* **Task**:
A verbatim copy of the data is wanted, minus any picture in it.

[Data extracted from a collection]
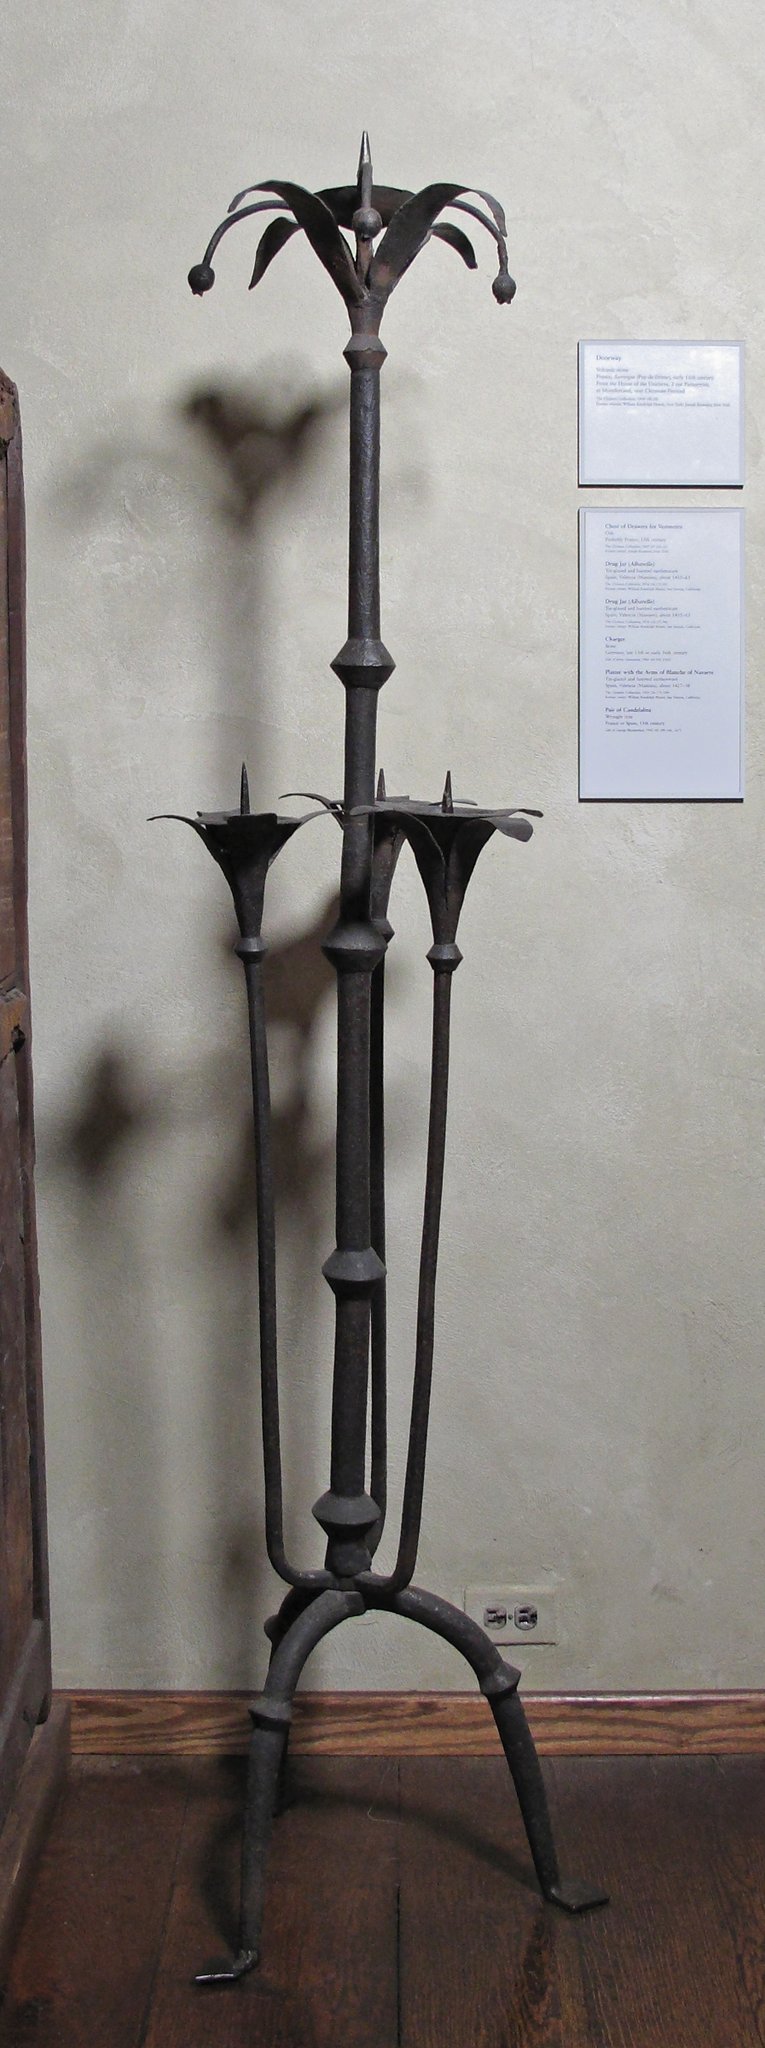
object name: candelabrum
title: One of a Pair of Candelabra
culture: french or spanish
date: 1401-1500
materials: iron
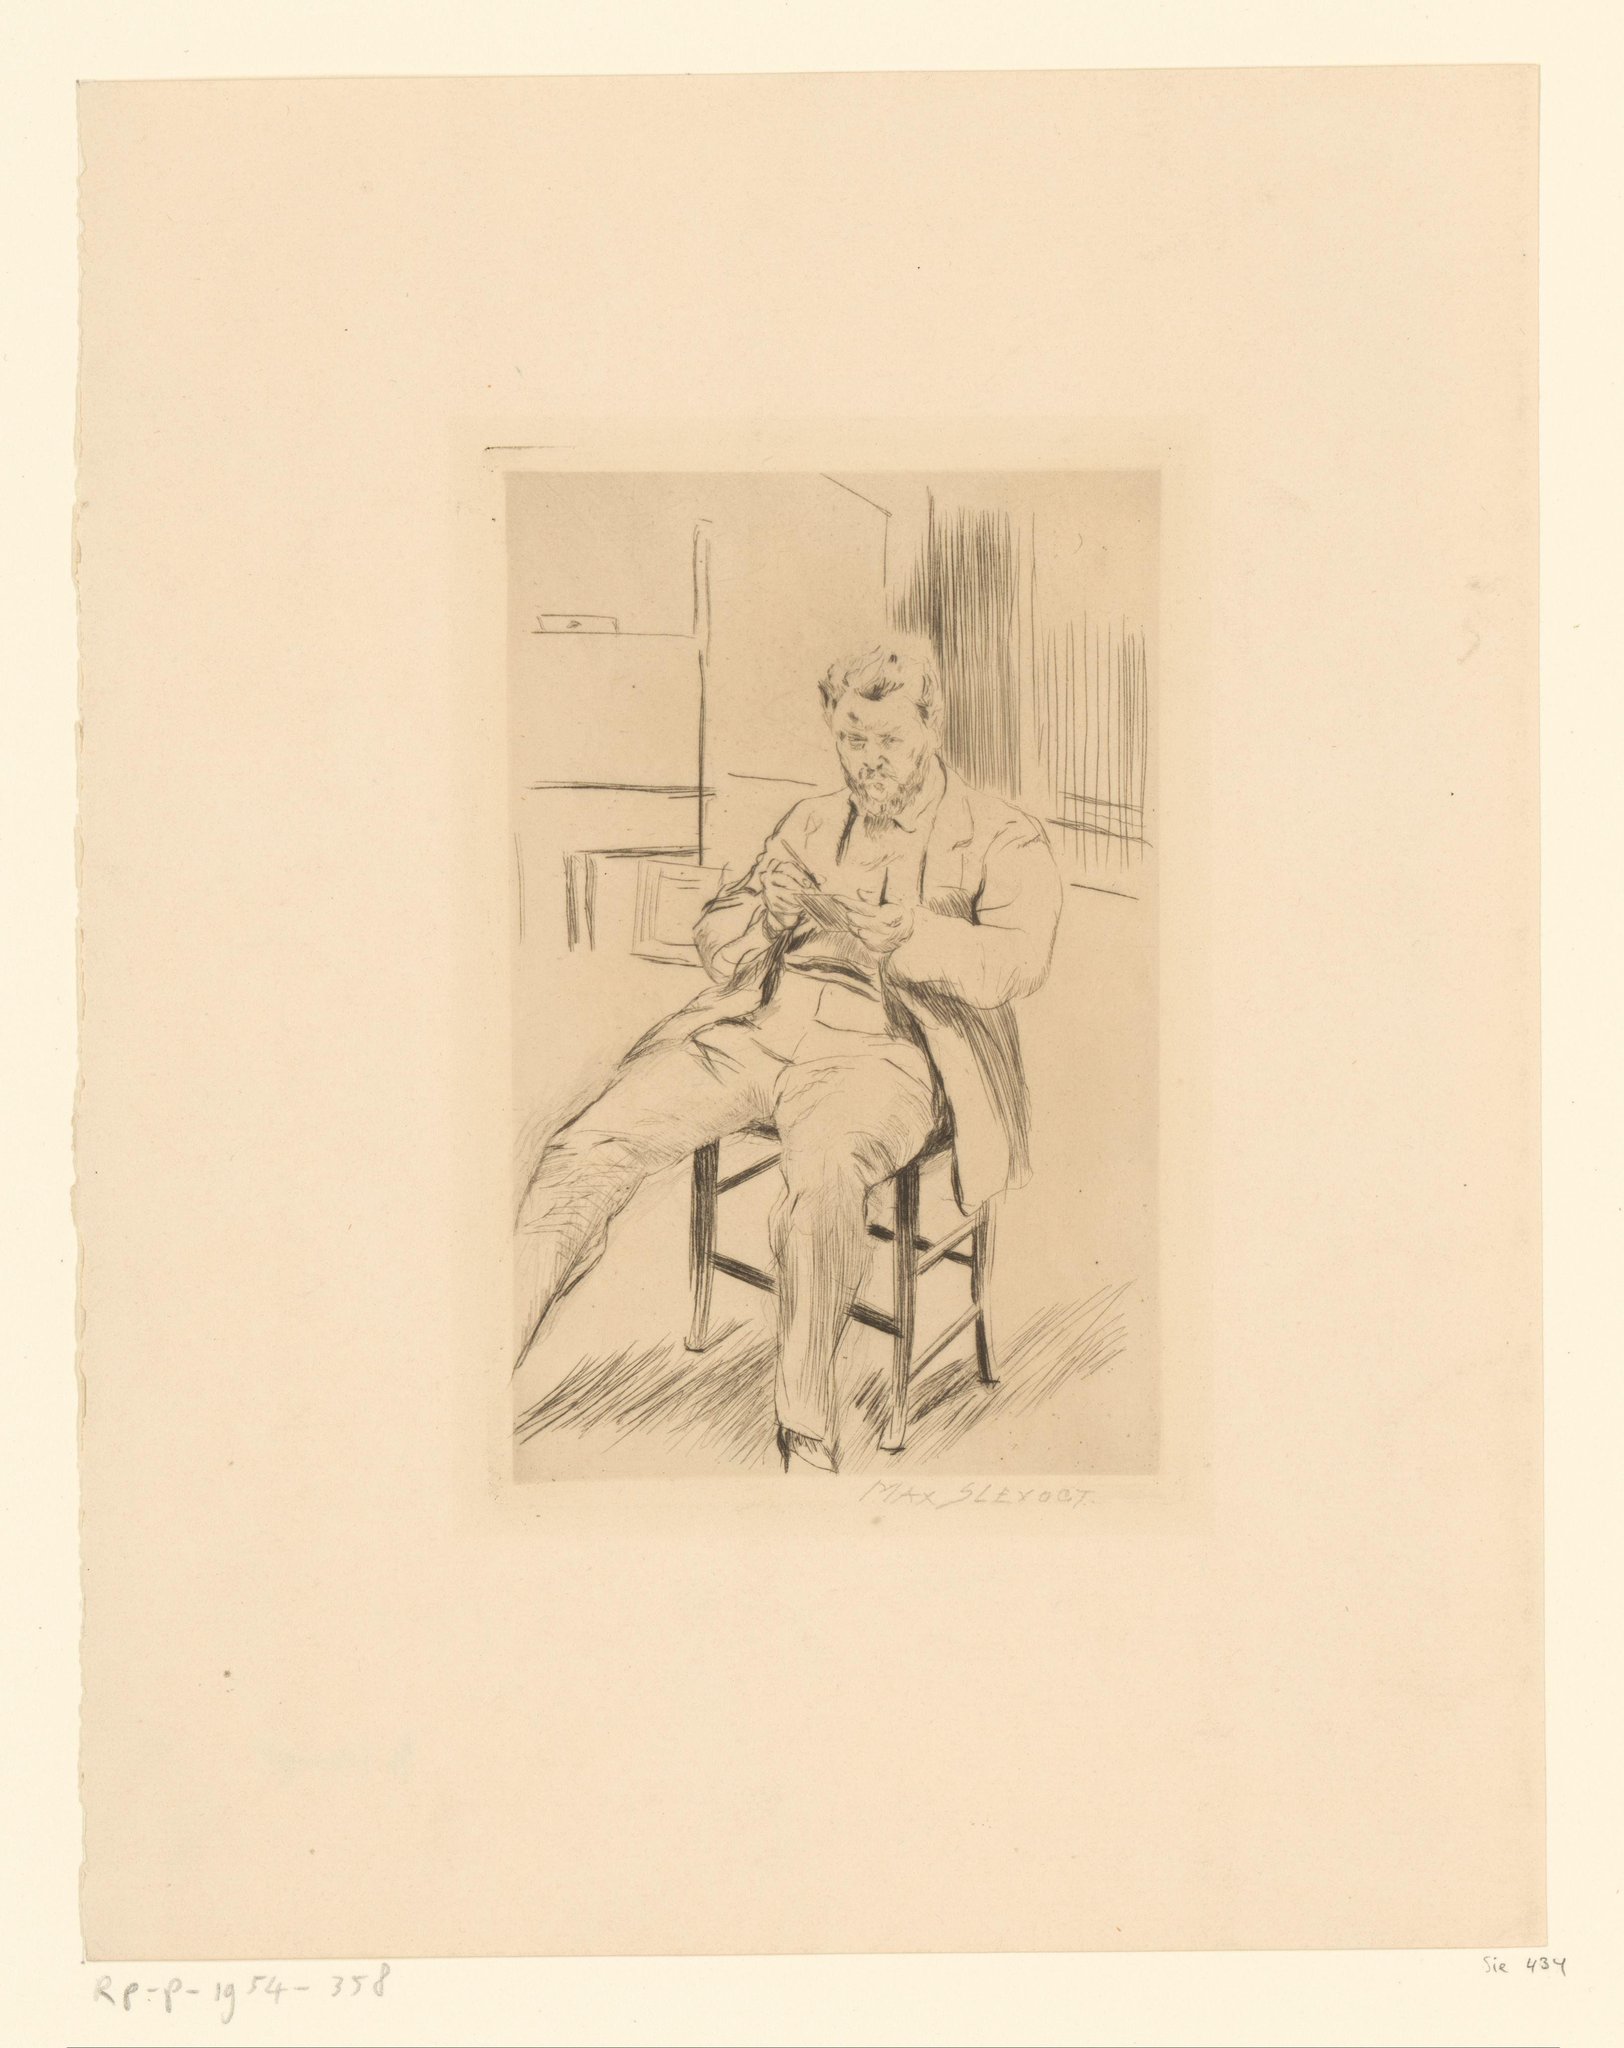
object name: print
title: Zelfportret, graverend
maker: max slevogt
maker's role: print maker
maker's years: 1868-1932
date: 1911
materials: paper
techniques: drypoint
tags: print maker, max slevogt, portrait, self-portrait of artist
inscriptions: collector's mark: Lugt 2228

* **Answer to the problem**:
object name: candelabrum
title: One of a Pair of Candelabra
culture: french or spanish
date: 1401-1500
materials: iron
object name: print
title: Zelfportret, graverend
maker: max slevogt
maker's role: print maker
maker's years: 1868-1932
date: 1911
materials: paper
techniques: drypoint
tags: print maker, max slevogt, portrait, self-portrait of artist
inscriptions: collector's mark: Lugt 2228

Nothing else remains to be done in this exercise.